• [What you are asked to do]: Restate exactly the lines from the top of the listing below to the line containing "- video game"; the remaining lines are not wanted.
---- The data
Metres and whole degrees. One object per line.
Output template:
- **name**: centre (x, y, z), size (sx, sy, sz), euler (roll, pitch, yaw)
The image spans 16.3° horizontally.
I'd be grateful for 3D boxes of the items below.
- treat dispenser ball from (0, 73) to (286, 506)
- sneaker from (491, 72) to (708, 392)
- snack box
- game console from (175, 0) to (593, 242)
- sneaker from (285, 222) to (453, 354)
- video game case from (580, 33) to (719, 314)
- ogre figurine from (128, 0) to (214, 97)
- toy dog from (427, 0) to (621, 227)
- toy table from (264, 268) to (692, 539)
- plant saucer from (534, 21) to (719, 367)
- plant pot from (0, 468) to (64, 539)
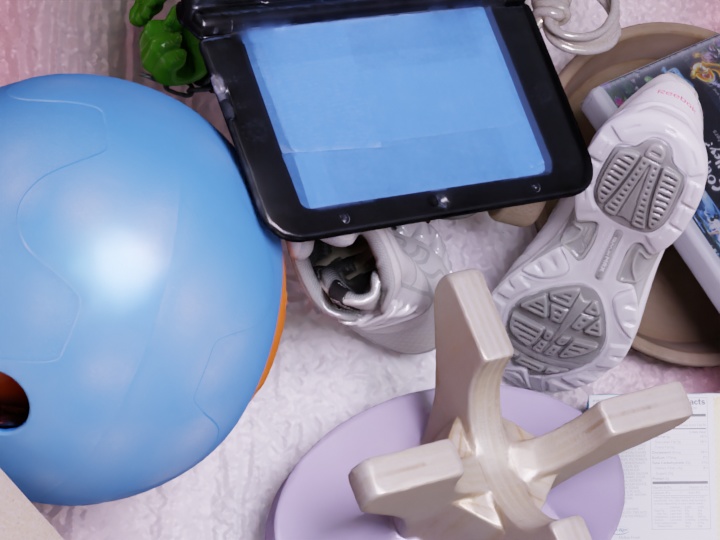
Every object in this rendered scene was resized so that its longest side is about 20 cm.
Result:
- **treat dispenser ball**: centre (-0.134, 0.009, 1.173), size (0.200, 0.201, 0.202), euler (6, 75, -23)
- **sneaker**: centre (0.132, -0.019, 1.322), size (0.078, 0.200, 0.099), euler (32, 36, 0)
- **snack box**: centre (0.222, 0.124, 1.347), size (0.199, 0.037, 0.117), euler (-1, 76, 5)
- **game console**: centre (0.028, -0.127, 1.176), size (0.199, 0.176, 0.116), euler (-10, 39, -36)
- **sneaker**: centre (0.000, 0.000, 1.257), size (0.075, 0.200, 0.081), euler (-23, 55, 11)
- **video game case**: centre (0.244, -0.045, 1.396), size (0.181, 0.023, 0.200), euler (-24, 74, -32)
- **ogre figurine**: centre (-0.053, -0.165, 1.304), size (0.120, 0.098, 0.200), euler (20, 32, -21)
- **toy dog**: centre (0.049, -0.096, 1.357), size (0.132, 0.096, 0.200), euler (31, 53, -8)
- **toy table**: centre (0.062, 0.105, 1.250), size (0.200, 0.117, 0.184), euler (-25, 76, -29)
- **plant saucer**: centre (0.180, -0.042, 1.421), size (0.199, 0.029, 0.201), euler (5, 76, -22)
- **plant pot**: centre (-0.238, 0.156, 1.101), size (0.200, 0.200, 0.177), euler (48, 59, -7)
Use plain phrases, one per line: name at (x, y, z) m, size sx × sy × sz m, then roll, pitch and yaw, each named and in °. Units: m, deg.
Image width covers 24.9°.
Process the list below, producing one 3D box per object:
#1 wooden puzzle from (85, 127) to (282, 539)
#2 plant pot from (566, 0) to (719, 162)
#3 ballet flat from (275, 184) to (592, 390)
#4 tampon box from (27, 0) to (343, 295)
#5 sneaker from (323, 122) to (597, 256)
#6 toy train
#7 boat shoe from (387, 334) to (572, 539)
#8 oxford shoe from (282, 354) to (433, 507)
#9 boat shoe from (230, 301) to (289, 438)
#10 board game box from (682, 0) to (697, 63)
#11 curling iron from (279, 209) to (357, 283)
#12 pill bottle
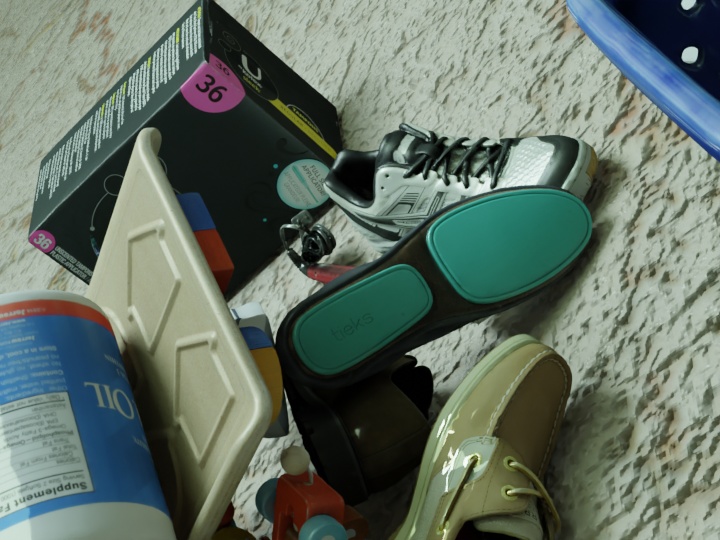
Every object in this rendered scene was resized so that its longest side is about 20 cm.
--------
• [Written response]:
Metres and whole degrees. One object per line.
Output template:
- **name**: centre (x, y, z), size (sx, sy, sz), euler (roll, pitch, yaw)
The image spans 16.3° horizontally.
I'd be grateful for 3D boxes of the items below.
- treat dispenser ball from (0, 73) to (286, 506)
- sneaker from (491, 72) to (708, 392)
- snack box
- game console from (175, 0) to (593, 242)
- sneaker from (285, 222) to (453, 354)
- video game case from (580, 33) to (719, 314)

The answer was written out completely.